- Work to complete:
Reproduce verbatim the line where "Fill in this" occurs, along with all following lines down to the last line of the data.

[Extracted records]
^^^^^^^^^^^^^^^^
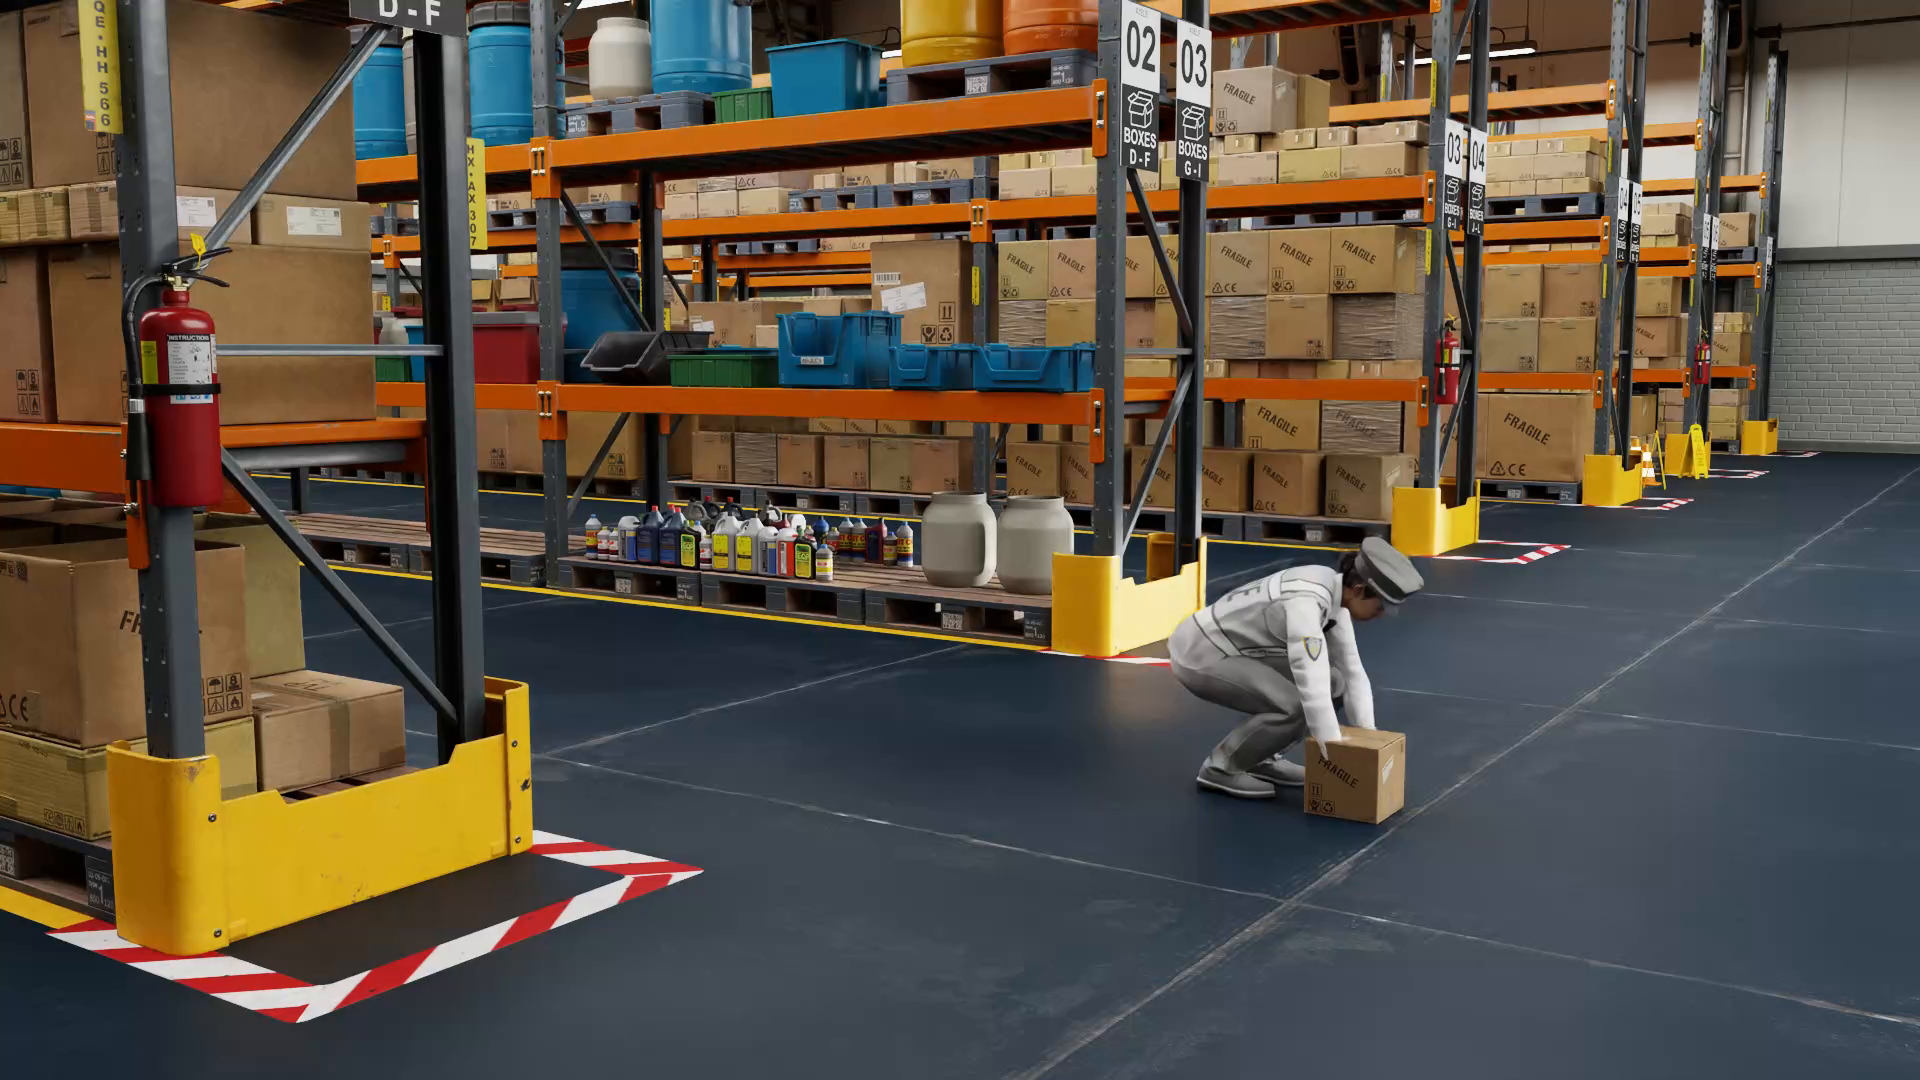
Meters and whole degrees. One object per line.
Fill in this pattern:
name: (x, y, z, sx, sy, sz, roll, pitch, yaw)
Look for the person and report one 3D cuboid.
person: (1.135, 0.426, 5.681, 0.857, 0.899, 0.489, 4, 8, 33)
^^^^^^^^^^^^^^^^
- Worked solution:
Fill in this pattern:
name: (x, y, z, sx, sy, sz, roll, pitch, yaw)
Look for the person and report one 3D cuboid.
person: (1.135, 0.426, 5.681, 0.857, 0.899, 0.489, 4, 8, 33)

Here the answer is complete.